The question catches Ross off-guard and at first he doesn’t know how to answer it as there is no way that he can let her do that. It would be suicide. He wasn’t joking when he said they would need an army to attack that orbital platform. But after a few seconds he responds with, “I’m not telling you that. I can’t let you throw your life away.”

“What other choice do we have?” Isis fires back in protest.

“We could try and contact the people under that dome. Get them the data and organise a counterattack.”

“And what are the odds of that succeeding?” Isis queries. She doesn’t know the answer but her guess is that it will take longer than two days. But even if somehow they do have enough time, Ross and her have no idea what those peoples capabilities are. They might be the only ones able to fight and all they would have accomplished is wasting time they don’t really have to learn that.

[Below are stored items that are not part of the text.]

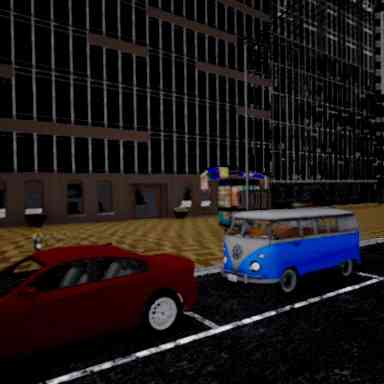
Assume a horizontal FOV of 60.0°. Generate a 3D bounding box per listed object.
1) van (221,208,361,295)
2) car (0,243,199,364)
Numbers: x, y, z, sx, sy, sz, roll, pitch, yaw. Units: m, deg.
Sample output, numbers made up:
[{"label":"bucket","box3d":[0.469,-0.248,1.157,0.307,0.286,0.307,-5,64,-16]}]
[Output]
[{"label":"van","box3d":[2.585,1.332,8.422,3.998,1.788,1.690,0,-1,-35]},{"label":"car","box3d":[-1.991,1.544,5.153,4.507,1.381,1.887,0,-1,-35]}]

“Slim, at best.” Ross admits defeated by her logic. He had hoped that she wouldn’t be so logical. Though, these reports detail exactly what capabilities the humans under that dome possess and it isn’t good. Most are too young, old or weak to fight and that is before considering the severely limited supplies they posses. How much worse the conditions have gotten since these details though, he cannot anticipate, except to say that they definitely would have gotten worse.

“Then I ask again, how do I get to that platform?”

“The Perish transport is capable.” Ross admits with a meek resigned tone.

“Can you pilot it?” Isis is sure that he can but asks anyway. She has caught the tone of the AI’s  voice and while she can’t be sure as to why he sounds that way, she can take an educated guess. But there are bigger things at stake than either of their lives. She knows Ross understands that and truth be told she doesn’t want to die. But she will forego her life for the sake of humanity.

“Yes.” Ross confirms seconds before Isis turns and heads for The Perish transport and says, “Then it’s time we go on offensive.”